Acho que o povo brasileiro tem muito de feminino: cria um milhão de ardis para poder compensar sua fragilidade diante dos mais fortes.

Cada um luta com as armas que tem.

Deep Red said...

Só eu que sou rápido neh!! Teu post veio meia hora depois do meu!!!

Em outras épocas já tentei culpar os ibéricos pela zorra, mas é uma análise demasiadamente simples. Herdamos, com certeza muita coisa deles: o paternalismo que citaste, o complexo de inferioridade e a melancolia. Mas vemos diferenças culturais muito grandes entre povos de lugares diferentes que foram colonizados pelo mesmo povo.
A comparação com Austrália (inicialmente uma colônia penal, se bem me lembro), Estados Unidos e Canadá tem que levar em conta uma série de diferenças grandes demais para serem esquecidas. Estados Unidos e Canadá ficaram mais organizados não só pela característica do povo colonizador. Era uma questão de sobrevivência. Quem não se organiza, morre no inverno.
Em uma das cartas de Caminha ao Rei de Portugal ele cita que por causa do calor os homens não queriam saber de trabalhar.

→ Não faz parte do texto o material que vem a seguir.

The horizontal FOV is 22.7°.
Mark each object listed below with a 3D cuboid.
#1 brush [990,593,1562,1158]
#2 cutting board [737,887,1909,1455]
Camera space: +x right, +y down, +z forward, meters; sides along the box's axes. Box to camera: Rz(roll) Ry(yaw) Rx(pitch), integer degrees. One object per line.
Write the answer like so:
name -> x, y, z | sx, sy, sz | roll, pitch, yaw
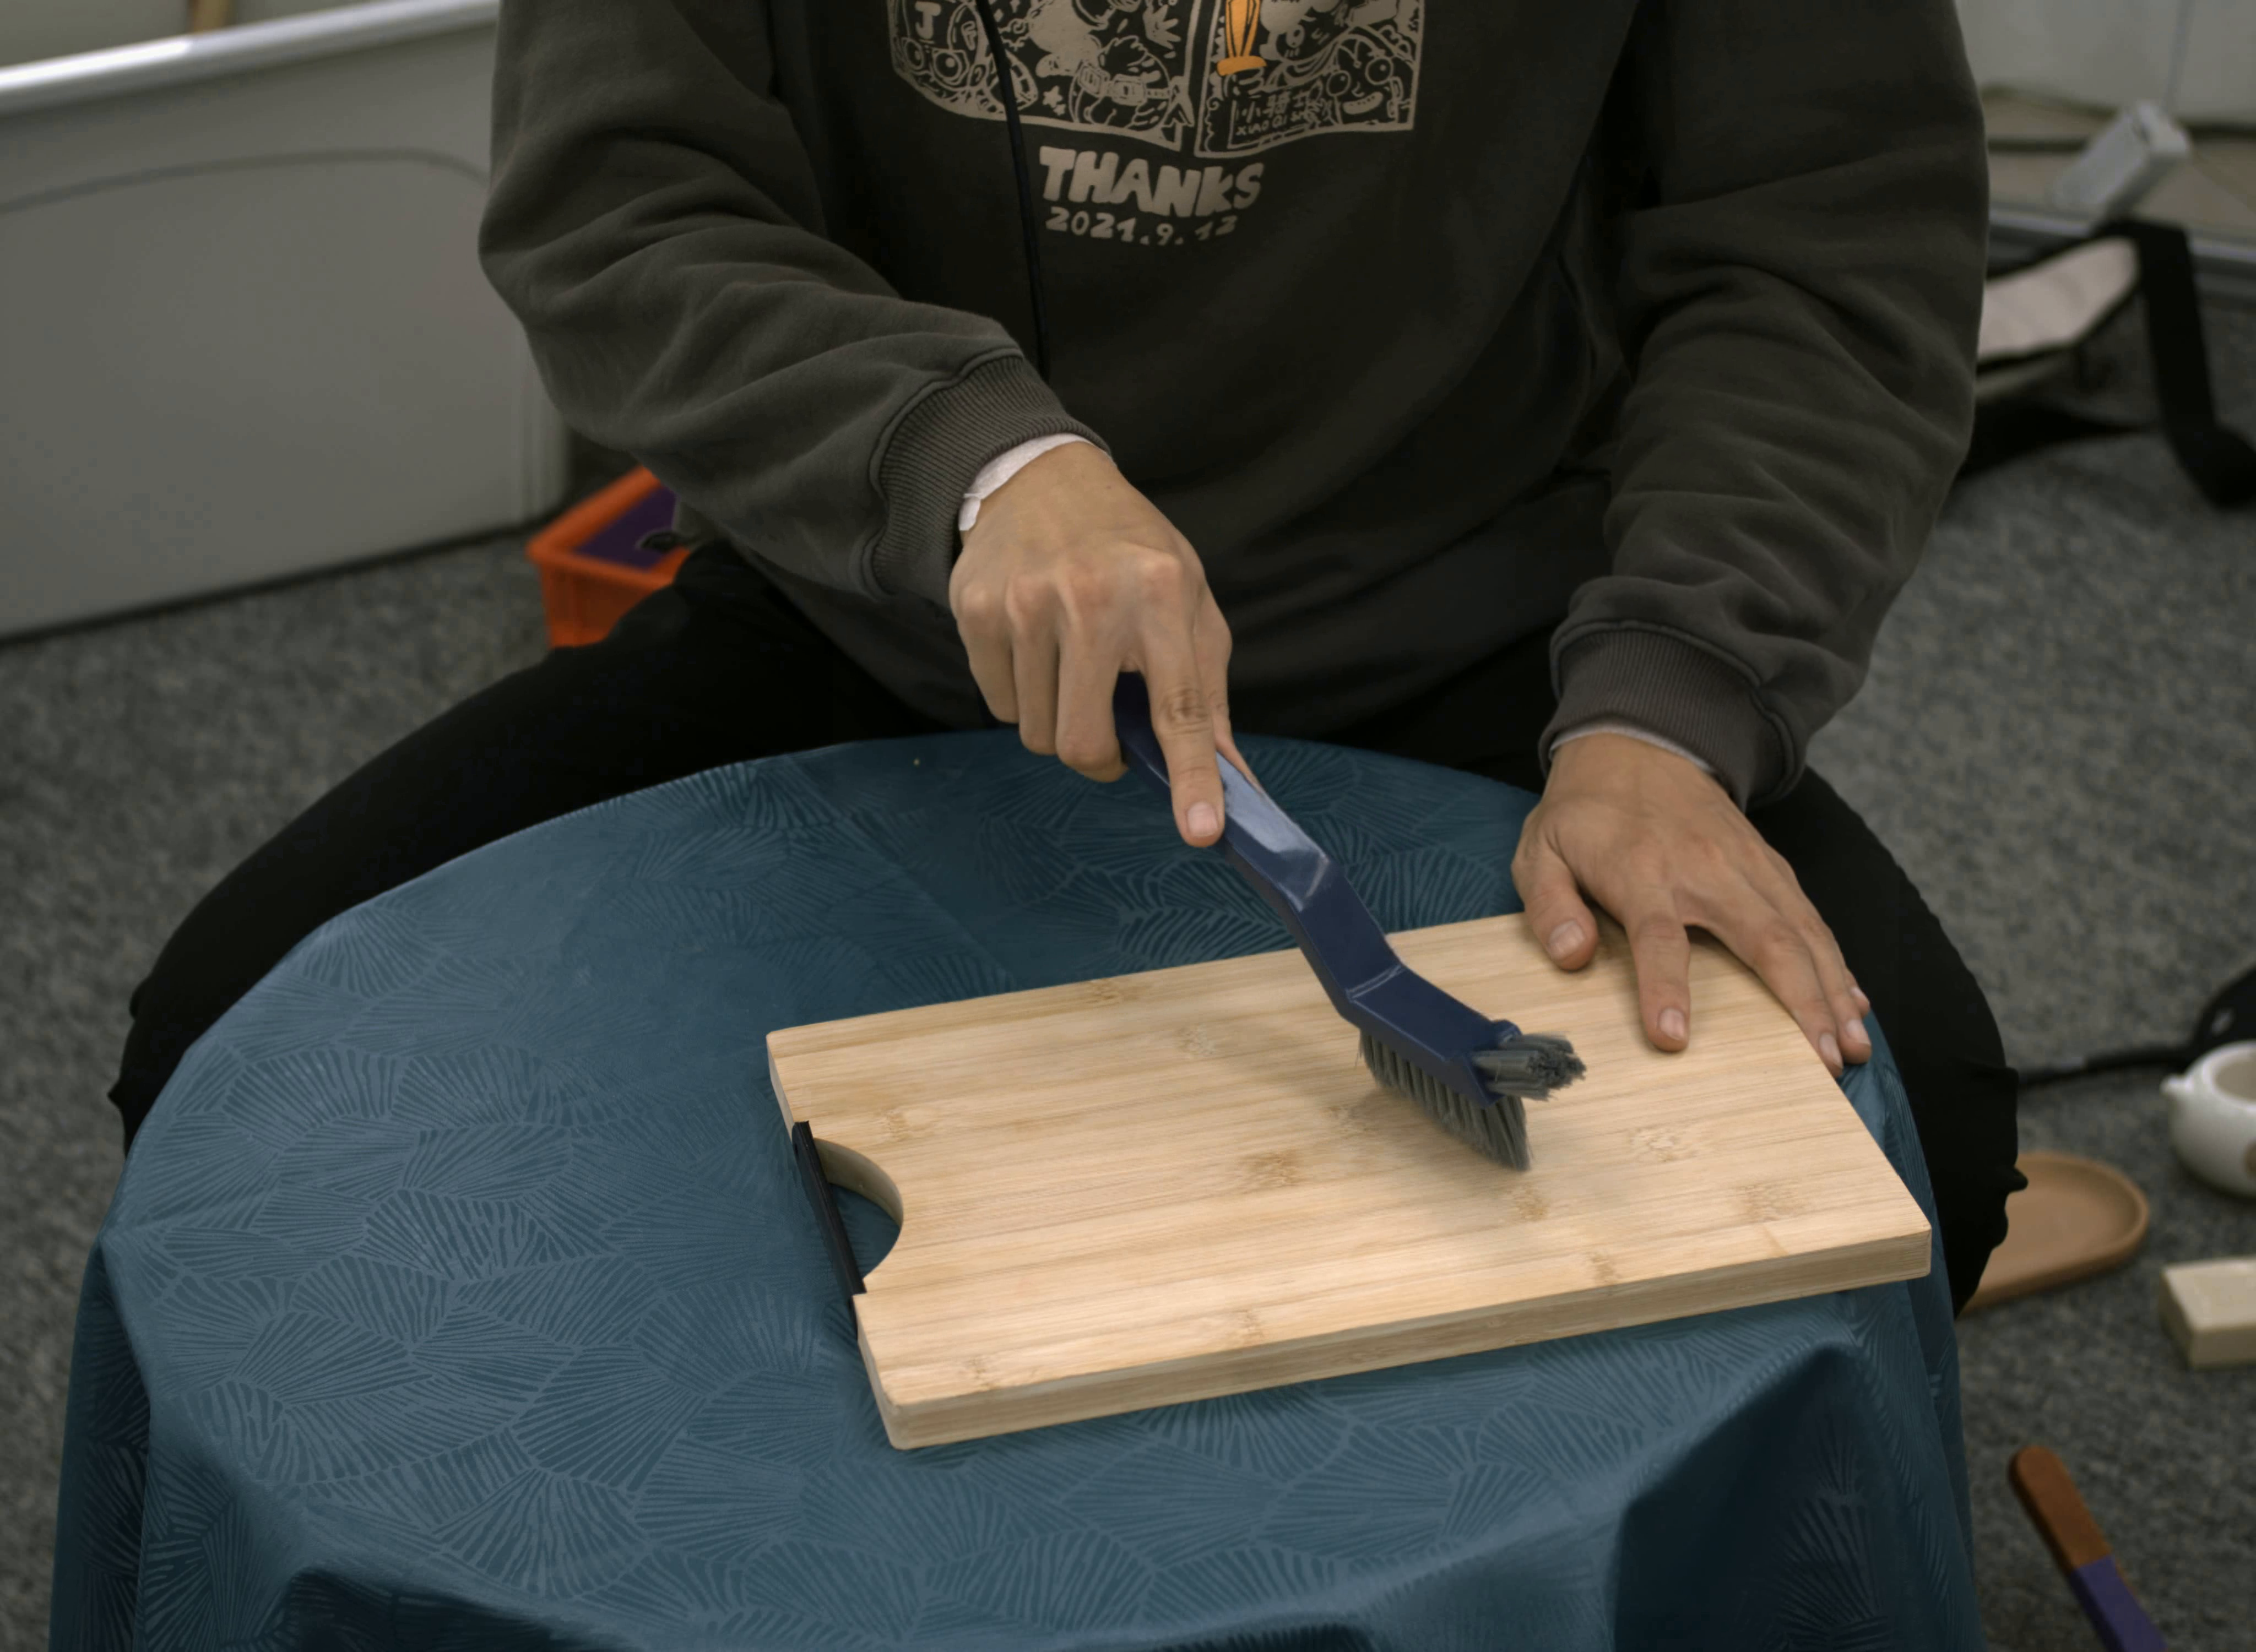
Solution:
brush -> 0.048, 0.004, 1.869 | 0.034, 0.094, 0.275 | -31, 63, -22
cutting board -> 0.060, 0.109, 1.861 | 0.348, 0.023, 0.253 | -9, 28, -11

É inegável a influência que o clima exerce sobre o comportamento humano (basta olhar as diferenças entre os povos do Sul e do norte do Brasil).

Porisso eu sempre defendo que o povo de um lugar é o resultado da interação entre gente e terra. Qualquer análise que leve em consideração somente uma dessas duas variáveis acaba falhando. Sempre que penso em conhecer um lugar novo, tento imaginar como é a interação gente-terra (claro que isso vale aqui para o nosso estado também) e que resultados isto trouxe na formação do povo. Para isso basta olhar como é a música, a literatura, o folclore, usos e costumes, etc. Encontramos a melancolia ibérica espalhadas no lamento da moda de viola sertaneja, nas milongas platinas, nas guarânias andinas, até mesmo no candombe uruguaio!!(mas isso já é outro papo). A espinha dorsal cultural da colonização dá pra enxergar nas entrelinhas, mas o modo como cada grupo de pessoas interagiu com a terra e se fez povo difere muito.